Alexandra Kralick

Bio

Bio Dr. Alexandra E. Kralick is interdisciplinary biological anthropologist offering a creative, theoretically-engaged, innovative scientific inquiry into the ape skeleton. Sher received her Ph.D. here at the University of Pennsylvania Department of Anthropology in 2023, where she studied life history and functional morphology of sex differences in the orangutan skeleton. She developed a novel holistic osteobiographic methodology to identify the morphology and maturation of two different types of adult male orangutans, flanged and unflanged, in museum collections. Her work engages with contextual reflexivity, decolonial theory, queer feminist theory, and discussions of ethics and equity in great ape skeletal remains research. Her work has been generously supported by the National Science Foundation (NSF) and Leakey Foundation. After leaving University of Pennsylvania, Alexandra went on to become a Postdoctoral Fellow at Harvard University. You can follow her work at www.AlexandraKralick.com.

Education

Ph.D., Anthropology, University of Pennsylvania, 2023 B.S., Biological Anthropology, The George Washington University, 2014

Research Interests

Great apes • Orangutan Osteology • Life History • Functional Morphology • Ethics of Great Ape Remains • Queer Feminist Biology

Selected Publications

Alexandra E. Kralick, Babette Zemel, Phillip Lin, Clara Nolan, Matthew W. Tocheri. (2024) Relative leg-to-arm skeletal strength proportions in orangutans by species and sex. Journal of Human Evolution. 188: 103496.
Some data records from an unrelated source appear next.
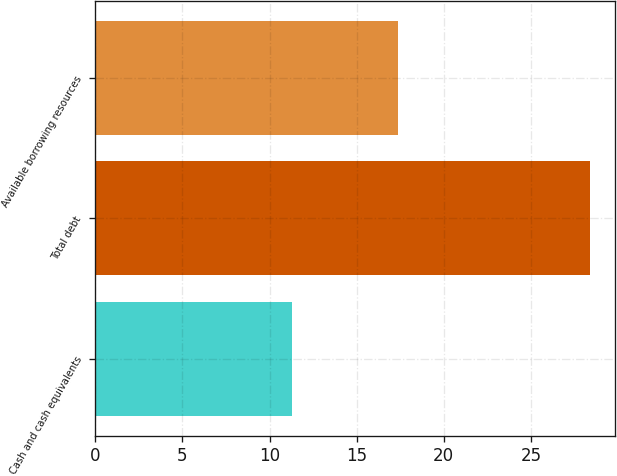Convert chart. <chart><loc_0><loc_0><loc_500><loc_500><bar_chart><fcel>Cash and cash equivalents<fcel>Total debt<fcel>Available borrowing resources<nl><fcel>11.3<fcel>28.4<fcel>17.4<nl></chart> 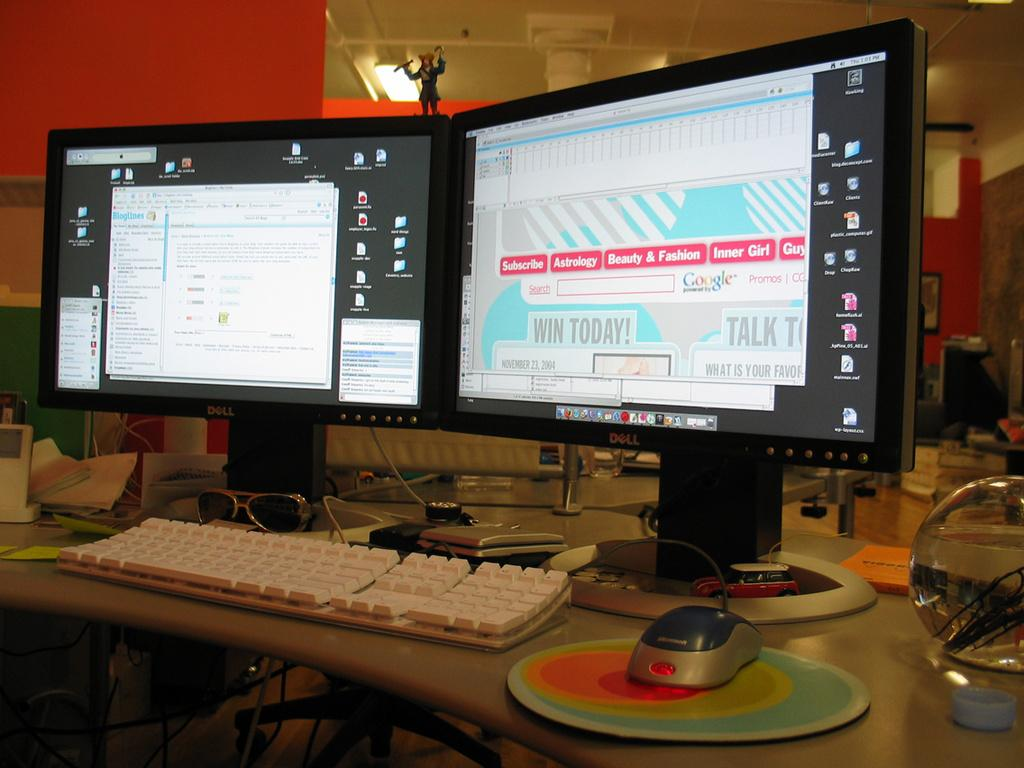<image>
Render a clear and concise summary of the photo. Two computer screens are on a desk, one is showing a page that says "Win Today!" 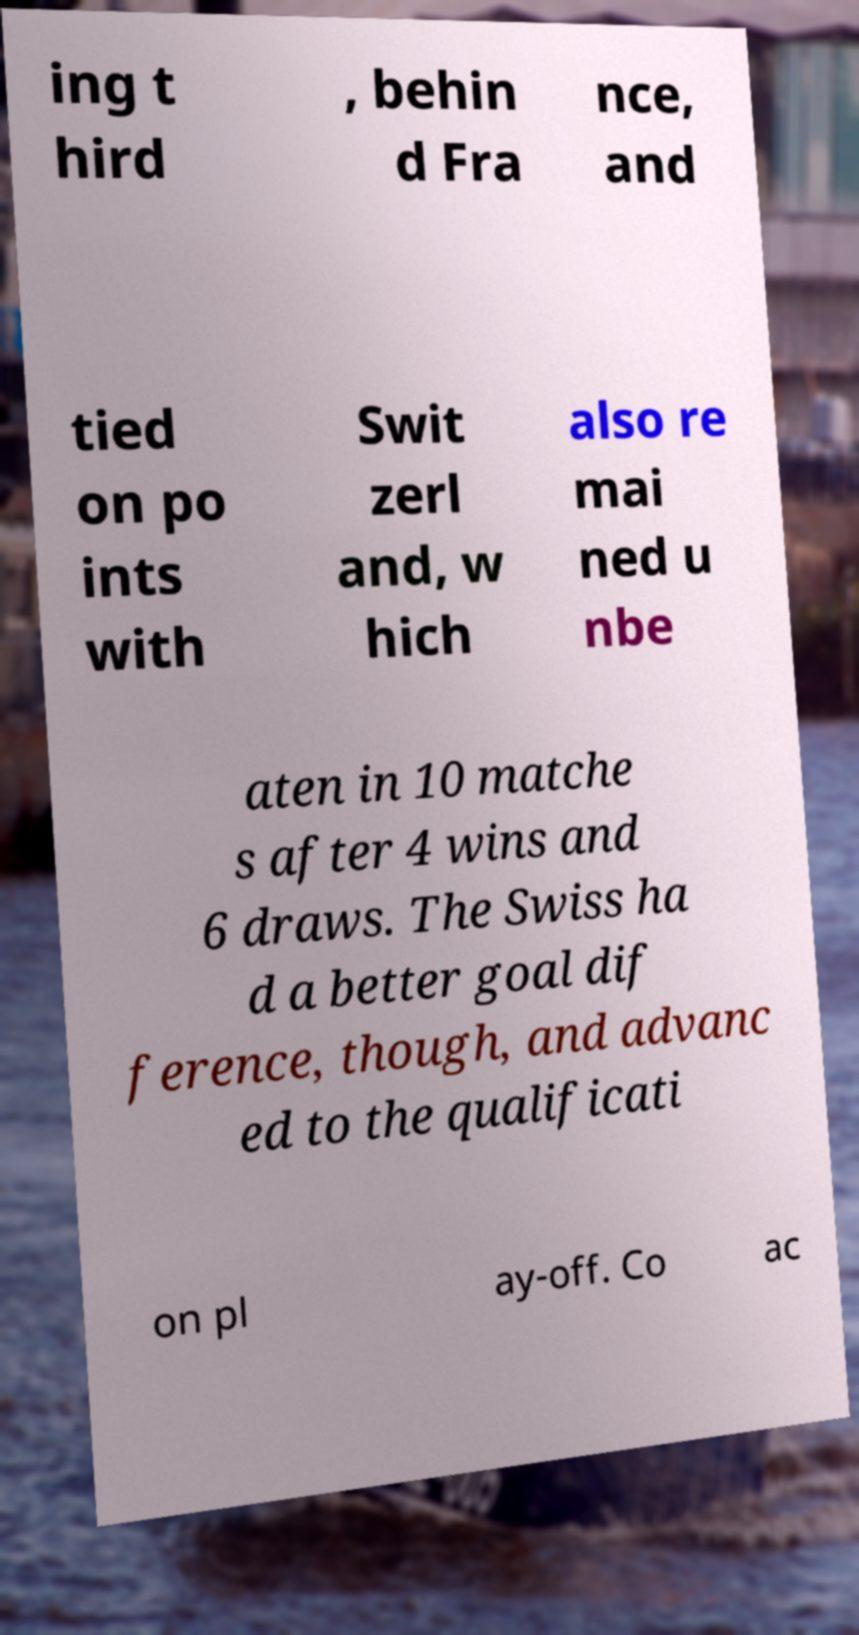For documentation purposes, I need the text within this image transcribed. Could you provide that? ing t hird , behin d Fra nce, and tied on po ints with Swit zerl and, w hich also re mai ned u nbe aten in 10 matche s after 4 wins and 6 draws. The Swiss ha d a better goal dif ference, though, and advanc ed to the qualificati on pl ay-off. Co ac

Alexandra E. Kralick, Caitlin A. O’Connell, Meredith L. Bastian, Morgan K. Hoke, Babette S. Zemel, Theodore G. Schurr, Matthew W. Tocheri. (2023). Beyond Dimorphism: Body Size Variation among Adult Orangutans is not Dichotomous by Sex. Integrative and Comparative Biology. 63(4):907-921. doi: 10.1093/icb/icad015

Alexandra E. Kralick, Stephanie Canington, Andrea Eller, and Kate McGrath. (2023). Specimens as Individuals: Four interventions and recommendations for great ape skeletal collections research and curation. Evolutionary Anthropology. 1:20. doi: 10.1002/evan.22002

Alexandra E. Kralick and Kate McGrath. (2021). More severe stress markers in the teeth of flanged versus unflanged orangutans (Pongo spp.). American Journal of Physical Anthropology, 176(4):625-637. doi: 10.1002/ajpa.24387

Alexandra E. Kralick and Babette S. Zemel. (2020). Evolutionary perspectives on the developing skeleton and implications for lifelong health. Frontiers in Endocrinology. 11: 99. doi: 10.3389/fendo.2020.00099

 

Public Science Writing

Alexandra Kralick. (2023). “When Ape Sex Isn’t Simple: One type of male orangutan has perplexed scientists because they run counter to long-held binary expectations of sex differences in the skeleton.” Anthropology News. March 14. https://www.anthropology-news.org/articles/when-ape-sex-isnt-simple/.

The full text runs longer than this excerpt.